Angew Chem Int Ed Engl. 2024 Apr 22;63(17):e202401084. doi: 10.1002/anie.202401084. Epub 2024 Mar 19.
"How strong is this Lewis acid?" is a question researchers often approach by calculating its fluoride ion affinity (FIA) with quantum chemistry. Here, we present FIA49k, an extensive FIA dataset with 48,986 data points calculated at the RI-DSD-BLYP-D3(BJ)/def2-QZVPP//PBEh-3c level of theory, including 13 different p-block atoms as the fluoride accepting site.

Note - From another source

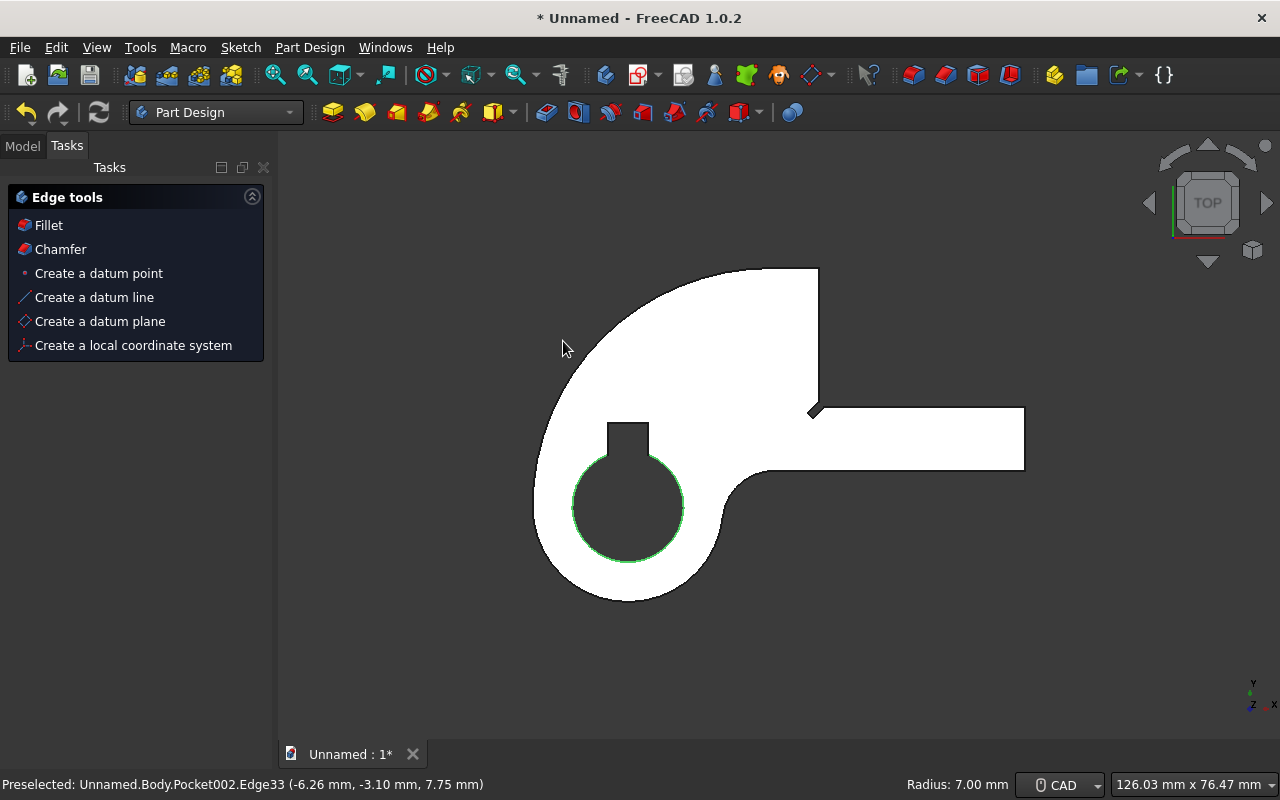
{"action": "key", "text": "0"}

The FIA49k dataset was used to train FIA-GNN, two message-passing graph neural networks, which predict gas and solution phase FIA values of molecules excluded from training with a mean absolute error of 14 kJ mol (r=0.93) from the SMILES string of the Lewis acid as the only input. The level of accuracy is notable, given the wide energetic range of 750 kJ mol spanned by FIA49k. The model's value was demonstrated with four case studies, including predictions for molecules extracted from the Cambridge Structural Database and by reproducing results from catalysis research available in the literature. Weaknesses of the model are evaluated and interpreted chemically. FIA-GNN and the FIA49k dataset can be reached via a free web app (www.grebgroup.de/fia-gnn).
“这种路易斯酸的强度如何?”这是研究人员经常通过量子化学计算其氟离子亲和力(FIA)来探讨的问题。在此,我们展示了FIA49k,这是一个广泛的FIA数据集,包含48986个在RI-DSD-BLYP-D3(BJ)/def2-QZVPP//PBEh-3c理论水平下计算得到的数据点,其中包括13种不同的p区原子作为氟化物接受位点。FIA49k数据集用于训练FIA-GNN,即两个消息传递图神经网络,它们仅以路易斯酸的SMILES字符串作为唯一输入,就能预测训练集中未包含的分子在气相和溶液相中的FIA值,平均绝对误差为14 kJ·mol⁻¹(r = 0.93)。考虑到FIA49k涵盖的750 kJ·mol⁻¹的广泛能量范围,这个准确度是值得注意的。通过四个案例研究展示了该模型的价值,包括对从剑桥结构数据库中提取的分子的预测以及重现文献中催化研究的结果。对该模型的弱点进行了评估并从化学角度进行了解释。可以通过一个免费的网络应用程序(www.grebgroup.de/fia-gnn)访问FIA-GNN和FIA49k数据集。